Collection entries
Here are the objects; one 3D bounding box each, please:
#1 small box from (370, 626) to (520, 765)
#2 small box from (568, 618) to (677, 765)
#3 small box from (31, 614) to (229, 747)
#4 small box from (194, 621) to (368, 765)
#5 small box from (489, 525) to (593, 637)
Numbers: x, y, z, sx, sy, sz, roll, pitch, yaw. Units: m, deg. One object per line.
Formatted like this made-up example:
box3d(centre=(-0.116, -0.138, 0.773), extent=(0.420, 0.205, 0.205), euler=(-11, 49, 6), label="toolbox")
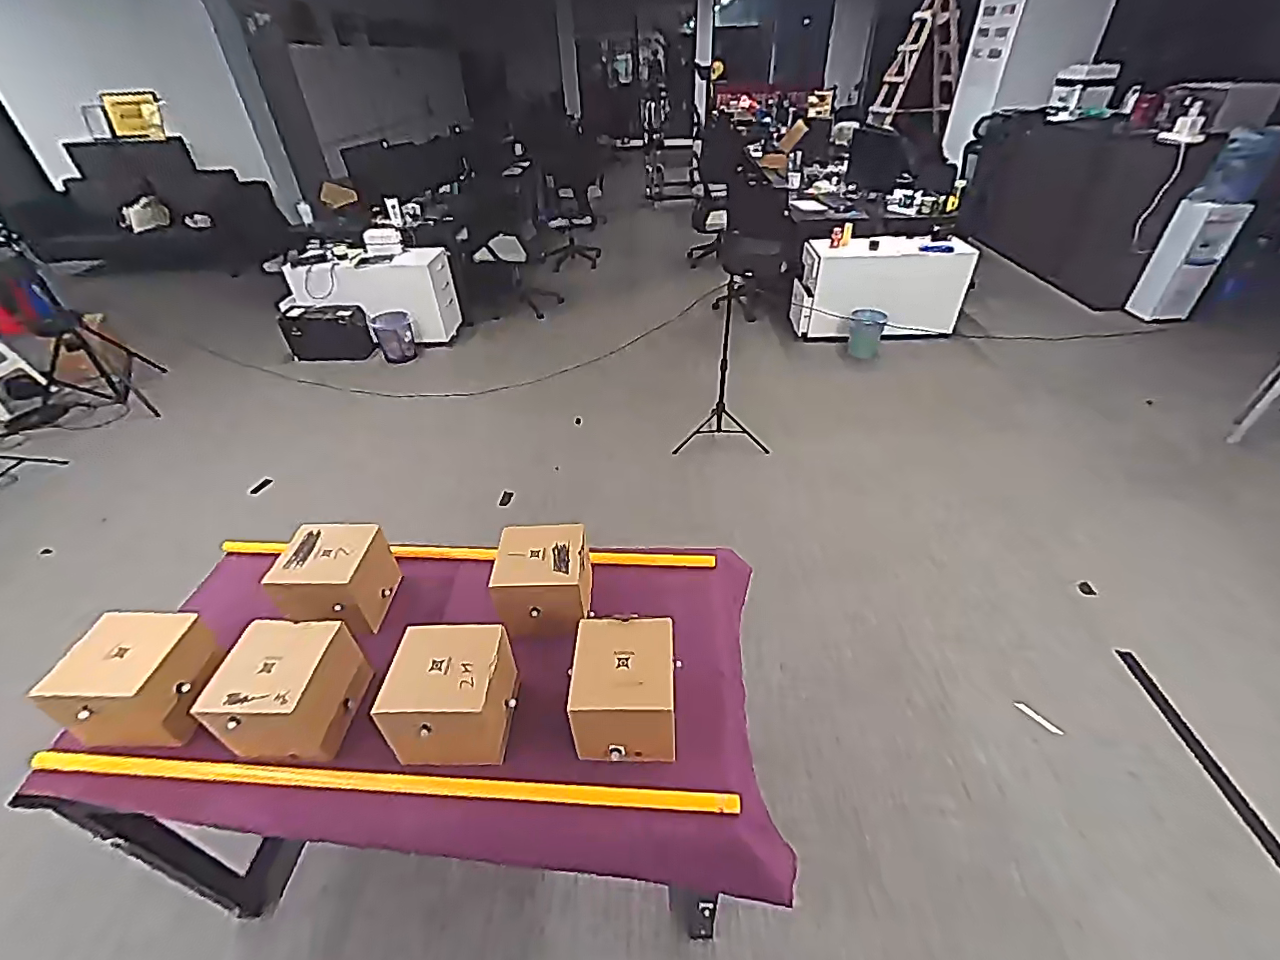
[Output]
box3d(centre=(-0.320, 0.370, 0.930), extent=(0.179, 0.176, 0.168), euler=(-1, 37, 3), label="small box")
box3d(centre=(-0.022, 0.359, 0.927), extent=(0.168, 0.176, 0.179), euler=(-2, 36, 4), label="small box")
box3d(centre=(-0.887, 0.361, 0.974), extent=(0.179, 0.176, 0.168), euler=(0, 38, 1), label="small box")
box3d(centre=(-0.607, 0.370, 0.947), extent=(0.168, 0.176, 0.179), euler=(-1, 38, 4), label="small box")
box3d(centre=(-0.195, 0.211, 1.126), extent=(0.179, 0.176, 0.168), euler=(-2, 39, 2), label="small box")

* _Aim of the task_: Out of the entries, report each line that contains the word "from".

* _Output of the exercise_:
#1 small box from (370, 626) to (520, 765)
#2 small box from (568, 618) to (677, 765)
#3 small box from (31, 614) to (229, 747)
#4 small box from (194, 621) to (368, 765)
#5 small box from (489, 525) to (593, 637)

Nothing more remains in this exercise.